I have a bash script that runs three checks over my source code, and then exit 0 if all the commands succeeded, or exit 1 if any of them failed:


test1 ./src/ --test-1=option

test2 ./src/ test-2-options

test3 ./src/ -t 3 -o options

# Exit with error if any of the above failed
[[ $exit_1 -eq 0 && $exit_2 -eq 0 && $exit_3 -eq 0 ]]
exit $?

This code works, but it feels overly long and verbose. Is there some way this can be made nicer? Specifically I am not happy with:

  • Having to run the command, and then assign the exit code to a variable
  • Having to use [[ ... ]], then collect its exit code on the next line to exit with
  • Having to explicitly compare variables to 0, as in [[ $var -eq 0 ]], instead of treating them as booleans

Ideally, the end result would be something more readable like:

exit_1=( test1 ./src/ --test-1=option )
exit_2=( test2 ./src/ test-2-options )
exit_3=( test3 ./src/ -t 3 -o options )

# Exit with error if any of the above failed
exit ( $exit_1 && $exit_2 && $exit_3 )

Some things I have considered:

Getting the error code in to a variable in one line:

exit_1=$( test1 ./src/ --test-1=option )$?
exit_2=$( test2 ./src/ test-2-options )$?
exit_3=$( test3 ./src/ -t 3 -o options )$?

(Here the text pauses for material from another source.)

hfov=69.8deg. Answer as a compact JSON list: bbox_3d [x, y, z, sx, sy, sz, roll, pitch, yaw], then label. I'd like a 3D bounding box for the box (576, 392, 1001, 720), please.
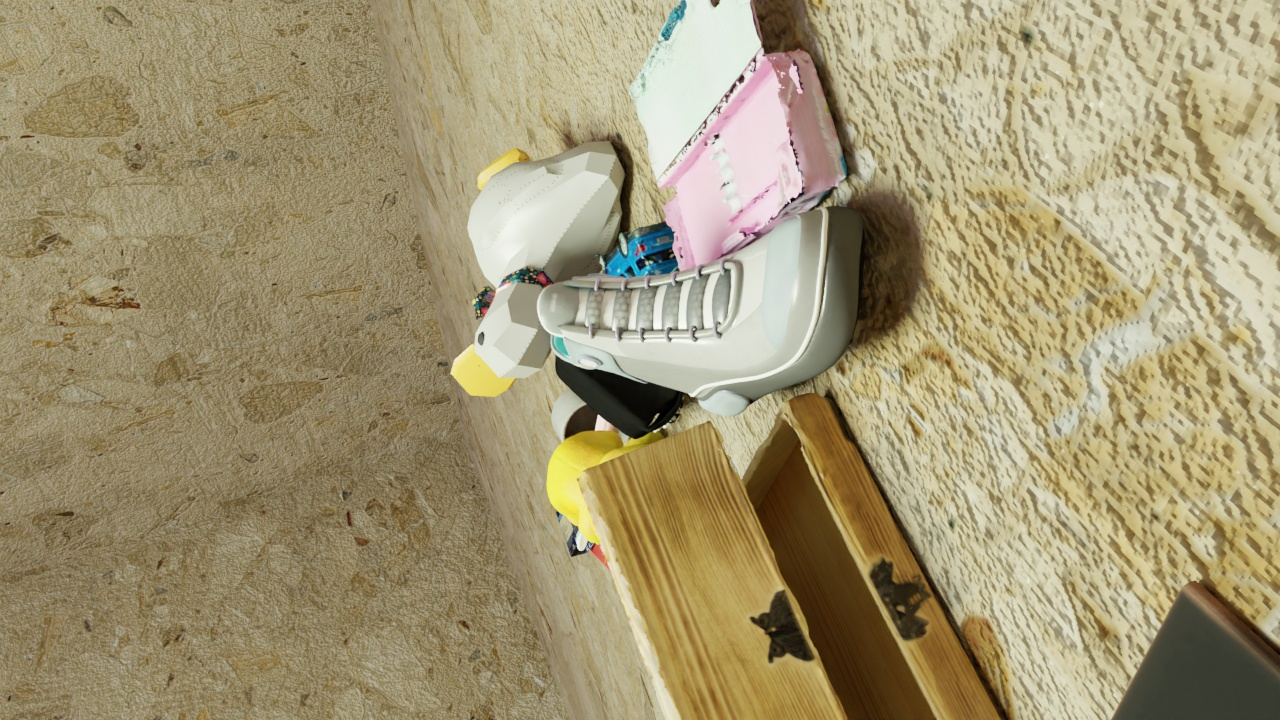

This works, and makes this bit shorter, but I've never seen anyone else use this before. Is this a sensible/sane thing to do? Are there any issues with this?

Just running the tests, and && them together:

test1 ./src/ --test-1=option && \
test2 ./src/ test-2-options && \
test3 ./src/ -t 3 -o options

This does not work, as bash short circuits. If test1 fails, test2 and test3 do not run, and I want them all to run.

Detecing errors and exiting using || exit

[[ $exit_1 -eq 0 && $exit_2 -eq 0 && $exit_3 -eq 0 ]] || exit 1

This saves one line of awkward exit codes and variables, but the important bit of exit 1 is now right at the end of the line where you can miss it. Ideally, something like this would work:

exit [[ $exit_1 -eq 0 && $exit_2 -eq 0 && $exit_3 -eq 0 ]]

Of course, this does not work, as [[ returns its output instead of echoing it.

exit $( [[ $exit_1 -eq 0 && $exit_2 -eq 0 && $exit_3 -eq 0 ]] ; echo $? )

does work, but still seems like a horrid cludge

Not explicitly dealing with exit-codes-as-boolean

[[ $exit_1 && $exit_2 && $exit_3 ]]

This does not do what you would hope it would do. The easiest way of && together three return codes stored in variables is with the full $var -eq 0 && .... Surely there is a nicer way?

I know bash is not a nice programming language - if you can even call it that - but is there any way I can make this less awkward?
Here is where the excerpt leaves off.